How can 920 million euros pumped into sewage projects and the like, creating a mere 1000 jobs, at an exorbitant near million each, be justified? The projects of new schools, education centres, health clinics et al, while laudatory, will not generate revenue in fact the opposite - costs. The new schools, education centres and health clinics will need new, additional staff to be funded from the public purse. Here is the rub. Much of the funding is presumed to come not from our Majorcan coffers but a supposedly bottomless pocket of Madrid - a Madrid with many provinces needier and poorer than us. Is the plan a pipe dream or a mere political ploy? To be generous in economic terms it is to say the least naive.

Do we need to spend tax payer's money to create a cross-party committee to “try to reduce the property mountain and to reduce property prices”? An elementary knowledge of supply and demand knows the two work in unison.
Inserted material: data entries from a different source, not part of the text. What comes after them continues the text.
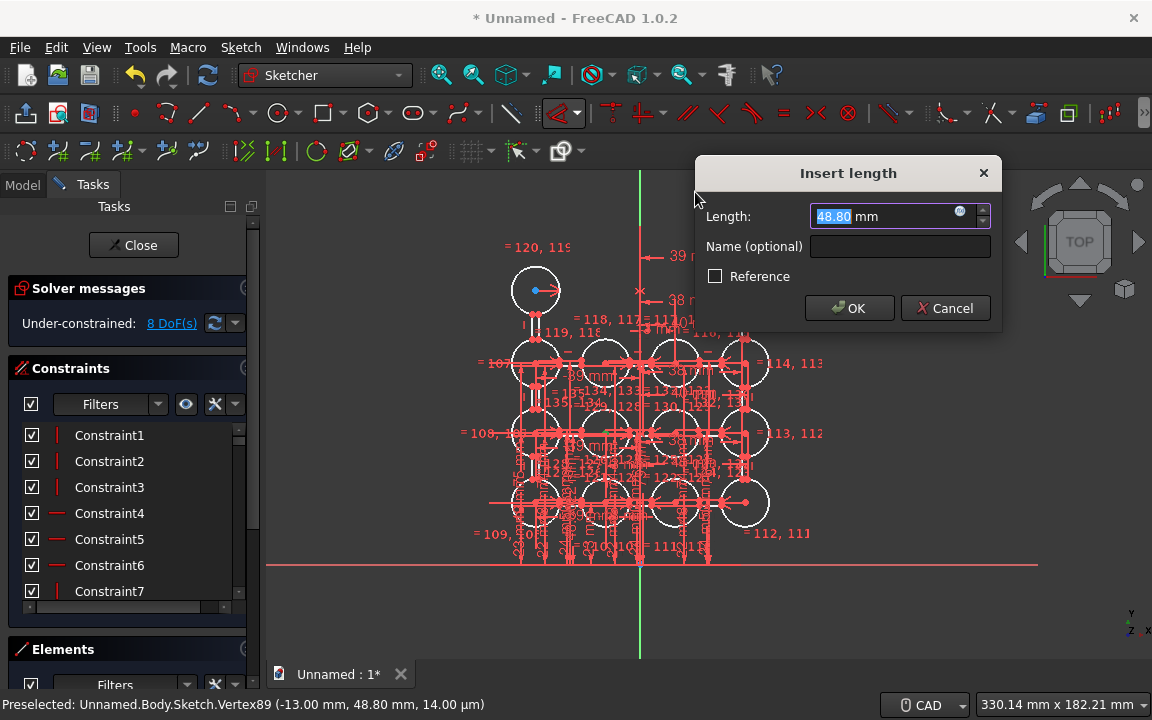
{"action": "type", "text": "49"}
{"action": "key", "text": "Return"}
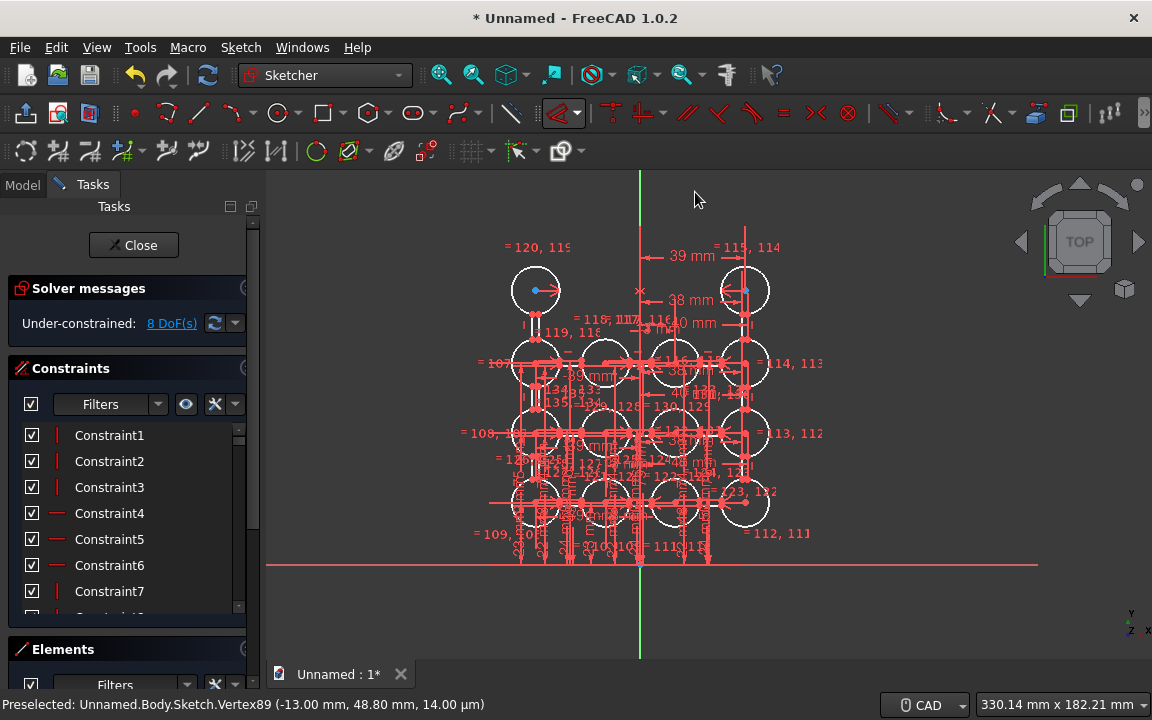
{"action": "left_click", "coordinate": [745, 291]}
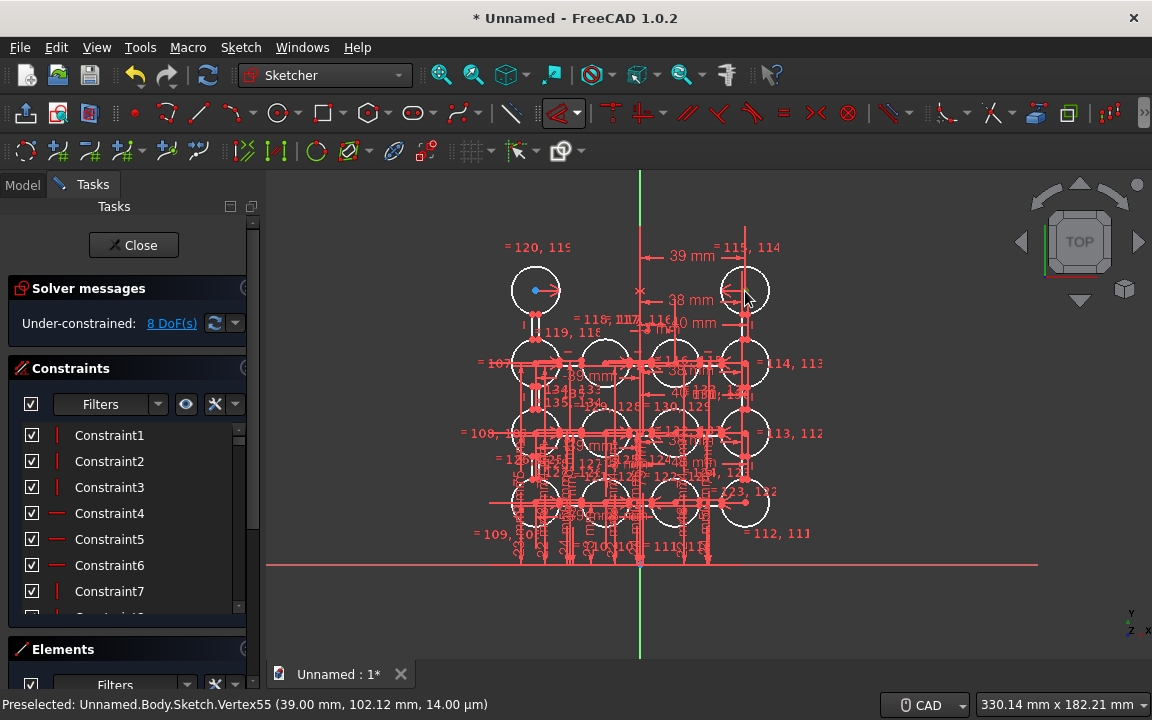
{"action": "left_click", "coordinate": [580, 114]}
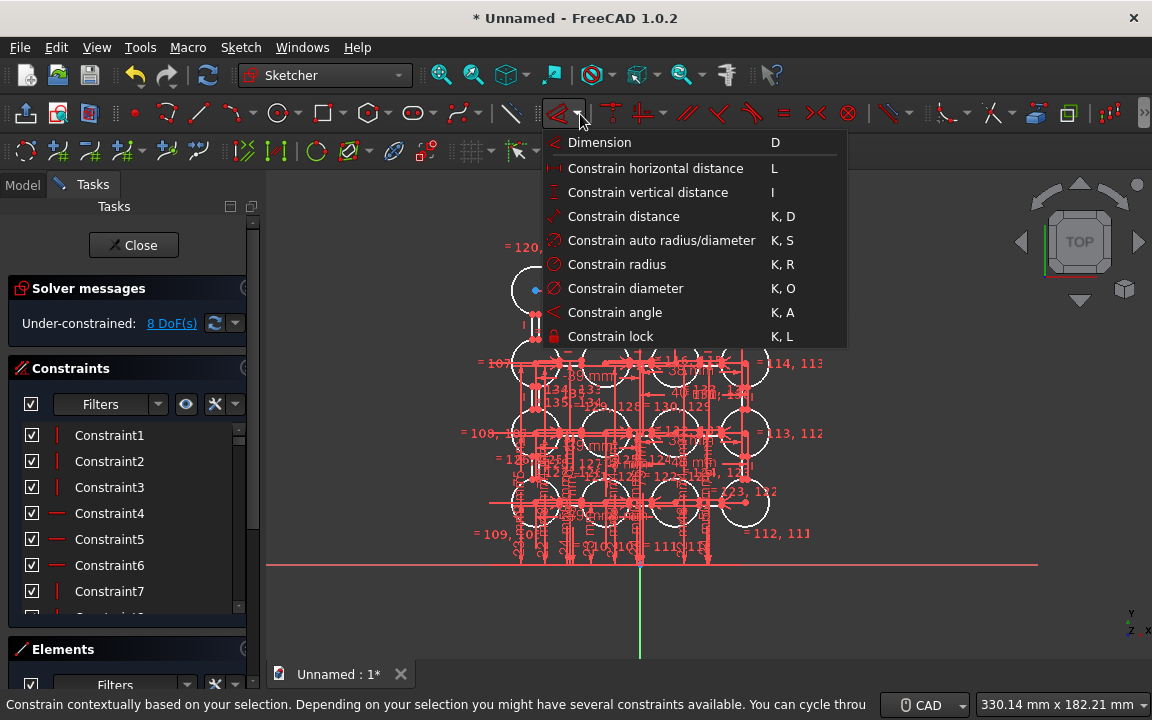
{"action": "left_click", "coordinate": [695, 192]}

Excess supply (the mountain) will reduce demand (prices drop). Market forces are already way ahead of our nascent (hopefully still-born) committee with many actual sales prices down 20% since the peak last November.

It could almost make me fall into a state of mid-summer despair but my adopted land always pulls me back to the bright side. Lovely people, lovely food, lovely climate and precisely in that order of importance.